In what could reignite Bhutan’s long held fascination for the Yeti or ‘Migoi’ an official report filed by a Ranger of the Thrumshingla National Park on 3rd September, 2012 claims the discovery of ‘Yeti droppings’.
Thrumshingla Park Ranger Pema who had gone to Tang, Bumthang to file a report of cattle killed by a Tiger collected the Yeti droppings from a Mr. Dorji Wangdi a resident of Benjibi village in Bumthang.
The report says that Dorji Wangdi in turn collected the ‘Yeti droppings’ on 14 August 2011 at around 9 am from the Kumurting blue pine forest.
Mr. Dorji Wangdi apparently enjoys some credibility among Yeti watchers as the report mentions that sometime in the 1980s the same farmer sighted the foot print of a Yeti, collected the scat (droppings) and hand it over to His Majesty the Fourth King.
The park officials have collected the dropping and brought to the office for DNA analysis to confirm the ‘species’.
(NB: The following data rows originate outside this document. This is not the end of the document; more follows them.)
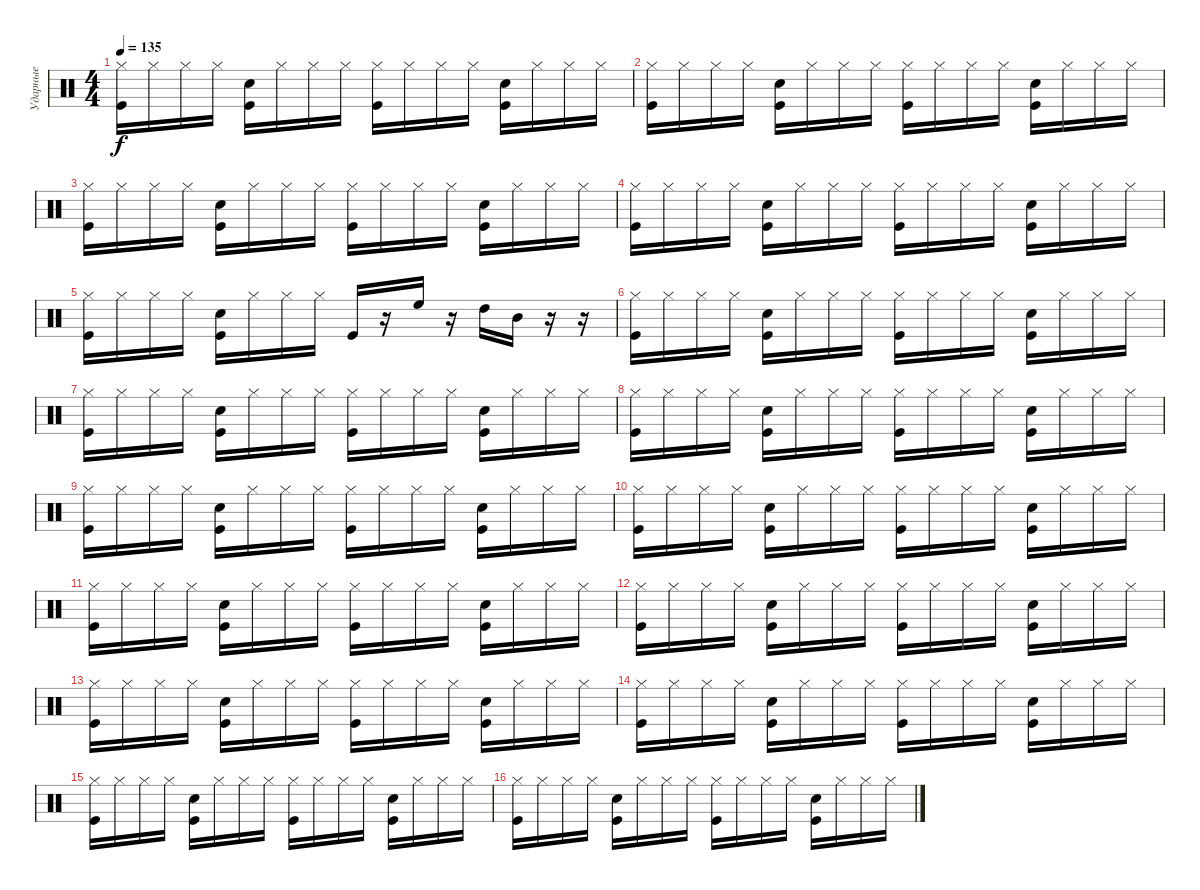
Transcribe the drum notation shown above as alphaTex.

\track ("Ударные" "Ударные") {instrument percussion}
\staff {score}
\articulation defaults
\ts (4 4)
\tempo 135
\clef neutral
\ks c
("Hi-Hat (closed)" "Kick (hit)").16{dy f} "Hi-Hat (closed)".16 "Hi-Hat (closed)".16 "Hi-Hat (closed)".16 ("Kick (hit)" "Snare (hit) 2").16 "Hi-Hat (closed)".16 "Hi-Hat (closed)".16 "Hi-Hat (closed)".16 ("Hi-Hat (closed)" "Kick (hit)").16 "Hi-Hat (closed)".16 "Hi-Hat (closed)".16 "Hi-Hat (closed)".16 ("Kick (hit)" "Snare (hit) 2").16 "Hi-Hat (closed)".16 "Hi-Hat (closed)".16 "Hi-Hat (closed)".16 |
("Hi-Hat (closed)" "Kick (hit)").16 "Hi-Hat (closed)".16 "Hi-Hat (closed)".16 "Hi-Hat (closed)".16 ("Kick (hit)" "Snare (hit) 2").16 "Hi-Hat (closed)".16 "Hi-Hat (closed)".16 "Hi-Hat (closed)".16 ("Hi-Hat (closed)" "Kick (hit)").16 "Hi-Hat (closed)".16 "Hi-Hat (closed)".16 "Hi-Hat (closed)".16 ("Kick (hit)" "Snare (hit) 2").16 "Hi-Hat (closed)".16 "Hi-Hat (closed)".16 "Hi-Hat (closed)".16 |
("Hi-Hat (closed)" "Kick (hit)").16 "Hi-Hat (closed)".16 "Hi-Hat (closed)".16 "Hi-Hat (closed)".16 ("Kick (hit)" "Snare (hit) 2").16 "Hi-Hat (closed)".16 "Hi-Hat (closed)".16 "Hi-Hat (closed)".16 ("Hi-Hat (closed)" "Kick (hit)").16 "Hi-Hat (closed)".16 "Hi-Hat (closed)".16 "Hi-Hat (closed)".16 ("Kick (hit)" "Snare (hit) 2").16 "Hi-Hat (closed)".16 "Hi-Hat (closed)".16 "Hi-Hat (closed)".16 |
("Hi-Hat (closed)" "Kick (hit)").16 "Hi-Hat (closed)".16 "Hi-Hat (closed)".16 "Hi-Hat (closed)".16 ("Kick (hit)" "Snare (hit) 2").16 "Hi-Hat (closed)".16 "Hi-Hat (closed)".16 "Hi-Hat (closed)".16 ("Hi-Hat (closed)" "Kick (hit)").16 "Hi-Hat (closed)".16 "Hi-Hat (closed)".16 "Hi-Hat (closed)".16 ("Kick (hit)" "Snare (hit) 2").16 "Hi-Hat (closed)".16 "Hi-Hat (closed)".16 "Hi-Hat (closed)".16 |
("Hi-Hat (closed)" "Kick (hit)").16 "Hi-Hat (closed)".16 "Hi-Hat (closed)".16 "Hi-Hat (closed)".16 ("Kick (hit)" "Snare (hit) 2").16 "Hi-Hat (closed)".16 "Hi-Hat (closed)".16 "Hi-Hat (closed)".16 "Kick (hit)".16 r.16 "High Floor Tom (hit)".16 r.16 "High Tom (hit)".16 "Mid Tom (hit)".16 r.16 r.16 |
("Hi-Hat (closed)" "Kick (hit)").16 "Hi-Hat (closed)".16 "Hi-Hat (closed)".16 "Hi-Hat (closed)".16 ("Kick (hit)" "Snare (hit) 2").16 "Hi-Hat (closed)".16 "Hi-Hat (closed)".16 "Hi-Hat (closed)".16 ("Hi-Hat (closed)" "Kick (hit)").16 "Hi-Hat (closed)".16 "Hi-Hat (closed)".16 "Hi-Hat (closed)".16 ("Kick (hit)" "Snare (hit) 2").16 "Hi-Hat (closed)".16 "Hi-Hat (closed)".16 "Hi-Hat (closed)".16 |
("Hi-Hat (closed)" "Kick (hit)").16 "Hi-Hat (closed)".16 "Hi-Hat (closed)".16 "Hi-Hat (closed)".16 ("Kick (hit)" "Snare (hit) 2").16 "Hi-Hat (closed)".16 "Hi-Hat (closed)".16 "Hi-Hat (closed)".16 ("Hi-Hat (closed)" "Kick (hit)").16 "Hi-Hat (closed)".16 "Hi-Hat (closed)".16 "Hi-Hat (closed)".16 ("Kick (hit)" "Snare (hit) 2").16 "Hi-Hat (closed)".16 "Hi-Hat (closed)".16 "Hi-Hat (closed)".16 |
("Hi-Hat (closed)" "Kick (hit)").16 "Hi-Hat (closed)".16 "Hi-Hat (closed)".16 "Hi-Hat (closed)".16 ("Kick (hit)" "Snare (hit) 2").16 "Hi-Hat (closed)".16 "Hi-Hat (closed)".16 "Hi-Hat (closed)".16 ("Hi-Hat (closed)" "Kick (hit)").16 "Hi-Hat (closed)".16 "Hi-Hat (closed)".16 "Hi-Hat (closed)".16 ("Kick (hit)" "Snare (hit) 2").16 "Hi-Hat (closed)".16 "Hi-Hat (closed)".16 "Hi-Hat (closed)".16 |
("Hi-Hat (closed)" "Kick (hit)").16 "Hi-Hat (closed)".16 "Hi-Hat (closed)".16 "Hi-Hat (closed)".16 ("Kick (hit)" "Snare (hit) 2").16 "Hi-Hat (closed)".16 "Hi-Hat (closed)".16 "Hi-Hat (closed)".16 ("Hi-Hat (closed)" "Kick (hit)").16 "Hi-Hat (closed)".16 "Hi-Hat (closed)".16 "Hi-Hat (closed)".16 ("Kick (hit)" "Snare (hit) 2").16 "Hi-Hat (closed)".16 "Hi-Hat (closed)".16 "Hi-Hat (closed)".16 |
("Hi-Hat (closed)" "Kick (hit)").16 "Hi-Hat (closed)".16 "Hi-Hat (closed)".16 "Hi-Hat (closed)".16 ("Kick (hit)" "Snare (hit) 2").16 "Hi-Hat (closed)".16 "Hi-Hat (closed)".16 "Hi-Hat (closed)".16 ("Hi-Hat (closed)" "Kick (hit)").16 "Hi-Hat (closed)".16 "Hi-Hat (closed)".16 "Hi-Hat (closed)".16 ("Kick (hit)" "Snare (hit) 2").16 "Hi-Hat (closed)".16 "Hi-Hat (closed)".16 "Hi-Hat (closed)".16 |
("Hi-Hat (closed)" "Kick (hit)").16 "Hi-Hat (closed)".16 "Hi-Hat (closed)".16 "Hi-Hat (closed)".16 ("Kick (hit)" "Snare (hit) 2").16 "Hi-Hat (closed)".16 "Hi-Hat (closed)".16 "Hi-Hat (closed)".16 ("Hi-Hat (closed)" "Kick (hit)").16 "Hi-Hat (closed)".16 "Hi-Hat (closed)".16 "Hi-Hat (closed)".16 ("Kick (hit)" "Snare (hit) 2").16 "Hi-Hat (closed)".16 "Hi-Hat (closed)".16 "Hi-Hat (closed)".16 |
("Hi-Hat (closed)" "Kick (hit)").16 "Hi-Hat (closed)".16 "Hi-Hat (closed)".16 "Hi-Hat (closed)".16 ("Kick (hit)" "Snare (hit) 2").16 "Hi-Hat (closed)".16 "Hi-Hat (closed)".16 "Hi-Hat (closed)".16 ("Hi-Hat (closed)" "Kick (hit)").16 "Hi-Hat (closed)".16 "Hi-Hat (closed)".16 "Hi-Hat (closed)".16 ("Kick (hit)" "Snare (hit) 2").16 "Hi-Hat (closed)".16 "Hi-Hat (closed)".16 "Hi-Hat (closed)".16 |
("Hi-Hat (closed)" "Kick (hit)").16 "Hi-Hat (closed)".16 "Hi-Hat (closed)".16 "Hi-Hat (closed)".16 ("Kick (hit)" "Snare (hit) 2").16 "Hi-Hat (closed)".16 "Hi-Hat (closed)".16 "Hi-Hat (closed)".16 ("Hi-Hat (closed)" "Kick (hit)").16 "Hi-Hat (closed)".16 "Hi-Hat (closed)".16 "Hi-Hat (closed)".16 ("Kick (hit)" "Snare (hit) 2").16 "Hi-Hat (closed)".16 "Hi-Hat (closed)".16 "Hi-Hat (closed)".16 |
("Hi-Hat (closed)" "Kick (hit)").16 "Hi-Hat (closed)".16 "Hi-Hat (closed)".16 "Hi-Hat (closed)".16 ("Kick (hit)" "Snare (hit) 2").16 "Hi-Hat (closed)".16 "Hi-Hat (closed)".16 "Hi-Hat (closed)".16 ("Hi-Hat (closed)" "Kick (hit)").16 "Hi-Hat (closed)".16 "Hi-Hat (closed)".16 "Hi-Hat (closed)".16 ("Kick (hit)" "Snare (hit) 2").16 "Hi-Hat (closed)".16 "Hi-Hat (closed)".16 "Hi-Hat (closed)".16 |
("Hi-Hat (closed)" "Kick (hit)").16 "Hi-Hat (closed)".16 "Hi-Hat (closed)".16 "Hi-Hat (closed)".16 ("Kick (hit)" "Snare (hit) 2").16 "Hi-Hat (closed)".16 "Hi-Hat (closed)".16 "Hi-Hat (closed)".16 ("Hi-Hat (closed)" "Kick (hit)").16 "Hi-Hat (closed)".16 "Hi-Hat (closed)".16 "Hi-Hat (closed)".16 ("Kick (hit)" "Snare (hit) 2").16 "Hi-Hat (closed)".16 "Hi-Hat (closed)".16 "Hi-Hat (closed)".16 |
("Hi-Hat (closed)" "Kick (hit)").16 "Hi-Hat (closed)".16 "Hi-Hat (closed)".16 "Hi-Hat (closed)".16 ("Kick (hit)" "Snare (hit) 2").16 "Hi-Hat (closed)".16 "Hi-Hat (closed)".16 "Hi-Hat (closed)".16 ("Hi-Hat (closed)" "Kick (hit)").16 "Hi-Hat (closed)".16 "Hi-Hat (closed)".16 "Hi-Hat (closed)".16 ("Kick (hit)" "Snare (hit) 2").16 "Hi-Hat (closed)".16 "Hi-Hat (closed)".16 "Hi-Hat (closed)".16

Internationally the scientific community generally regards the yeti as a legend, given the lack of conclusive evidence but there are those who also believe in its probable existence due to the partial evidences made available so far.
One of the most significant evidences was discovered in 2001 in Bhutan when British scientists came across a strand of hair deep in a forest which on DNA analysis did not match any known animal like bear, ape etc.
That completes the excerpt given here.